Dataset records »
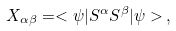Convert formula to latex. <formula><loc_0><loc_0><loc_500><loc_500>X _ { \alpha \beta } = < \psi | S ^ { \alpha } S ^ { \beta } | \psi > \, ,</formula> 
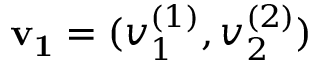<formula> <loc_0><loc_0><loc_500><loc_500>v _ { 1 } = ( v _ { 1 } ^ { ( 1 ) } , v _ { 2 } ^ { ( 2 ) } )</formula> 
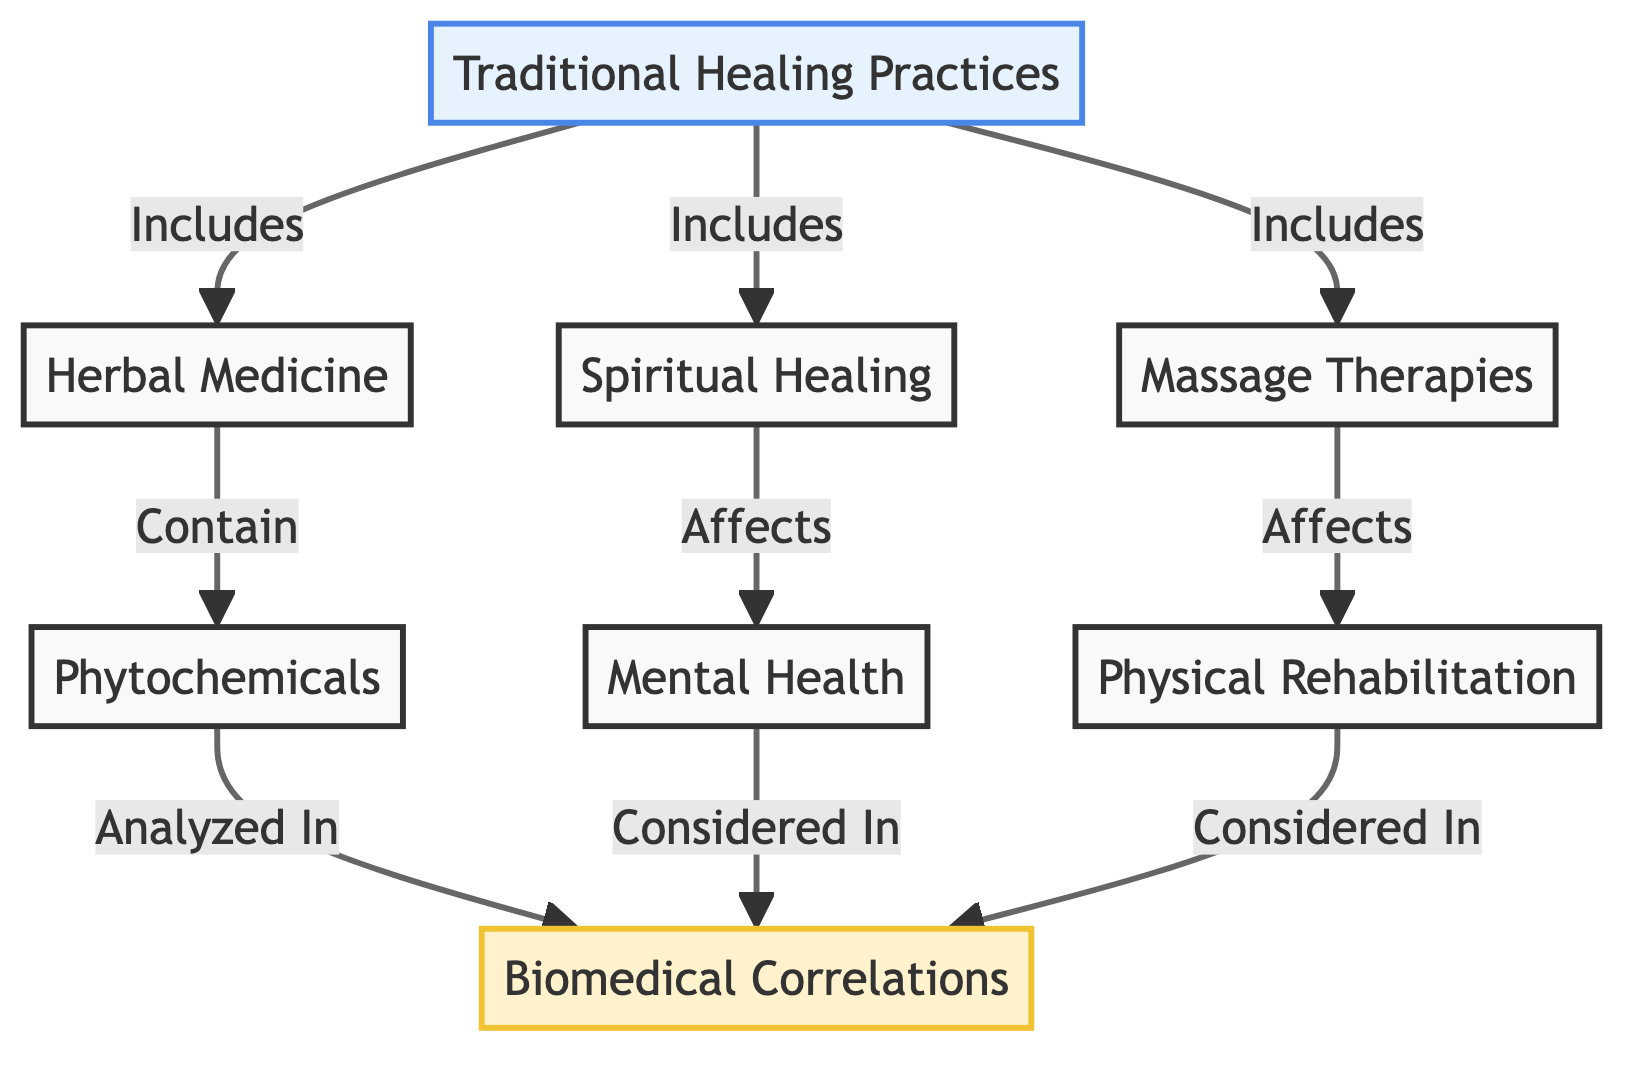What traditional healing practices are included? The diagram indicates that the traditional healing practices include herbal medicine, spiritual healing, and massage therapies, which are directly connected to the main node labeled "Traditional Healing Practices."
Answer: herbal medicine, spiritual healing, massage therapies How many common categories of healing practices are shown? By counting the nodes connected to "Traditional Healing Practices," we see there are three categories: herbal medicine, spiritual healing, and massage therapies.
Answer: 3 What is the biomedical correlation for herbal medicine? The flow from "Herbal Medicine" shows it contains phytochemicals, which in turn are analyzed in the "Biomedical Correlations" node. This demonstrates the link related to herbal medicine.
Answer: phytochemicals Which traditional healing practice affects mental health? The node "Spiritual Healing" is connected by an arrow labeled "Affects" to "Mental Health," indicating its direct influence on this biomedical aspect.
Answer: Spiritual Healing What are the three branches from the traditional healing practices? The branches stemming from "Traditional Healing Practices" are herbal medicine, spiritual healing, and massage therapies. This provides insight into the specific practices under traditional healing.
Answer: herbal medicine, spiritual healing, massage therapies Which traditional healing practice correlates with physical rehabilitation? The diagram shows that "Massage Therapies" affects "Physical Rehabilitation." Hence, it directly links to this biomedical correlation with an arrow.
Answer: Massage Therapies How are phytochemicals and mental health related? Phytochemicals are analyzed within the context of biomedical correlations, while mental health is also considered within the same context. Although there's no direct connection, they both fall under "Biomedical Correlations."
Answer: Analyzed and Considered What does the arrow from massage therapies signify? The arrow going from "Massage Therapies" to "Physical Rehabilitation" signifies that massage therapies affect or contribute to the process of physical rehabilitation, demonstrating a clear impact.
Answer: Affects

Work item »
Word for word, repeat each record above; leave out every picture.

The answer »
Convert formula to latex. <formula><loc_0><loc_0><loc_500><loc_500>X _ { \alpha \beta } = < \psi | S ^ { \alpha } S ^ { \beta } | \psi > \, ,</formula> 
<formula> <loc_0><loc_0><loc_500><loc_500>v _ { 1 } = ( v _ { 1 } ^ { ( 1 ) } , v _ { 2 } ^ { ( 2 ) } )</formula> 
What traditional healing practices are included? The diagram indicates that the traditional healing practices include herbal medicine, spiritual healing, and massage therapies, which are directly connected to the main node labeled "Traditional Healing Practices."
Answer: herbal medicine, spiritual healing, massage therapies How many common categories of healing practices are shown? By counting the nodes connected to "Traditional Healing Practices," we see there are three categories: herbal medicine, spiritual healing, and massage therapies.
Answer: 3 What is the biomedical correlation for herbal medicine? The flow from "Herbal Medicine" shows it contains phytochemicals, which in turn are analyzed in the "Biomedical Correlations" node. This demonstrates the link related to herbal medicine.
Answer: phytochemicals Which traditional healing practice affects mental health? The node "Spiritual Healing" is connected by an arrow labeled "Affects" to "Mental Health," indicating its direct influence on this biomedical aspect.
Answer: Spiritual Healing What are the three branches from the traditional healing practices? The branches stemming from "Traditional Healing Practices" are herbal medicine, spiritual healing, and massage therapies. This provides insight into the specific practices under traditional healing.
Answer: herbal medicine, spiritual healing, massage therapies Which traditional healing practice correlates with physical rehabilitation? The diagram shows that "Massage Therapies" affects "Physical Rehabilitation." Hence, it directly links to this biomedical correlation with an arrow.
Answer: Massage Therapies How are phytochemicals and mental health related? Phytochemicals are analyzed within the context of biomedical correlations, while mental health is also considered within the same context. Although there's no direct connection, they both fall under "Biomedical Correlations."
Answer: Analyzed and Considered What does the arrow from massage therapies signify? The arrow going from "Massage Therapies" to "Physical Rehabilitation" signifies that massage therapies affect or contribute to the process of physical rehabilitation, demonstrating a clear impact.
Answer: Affects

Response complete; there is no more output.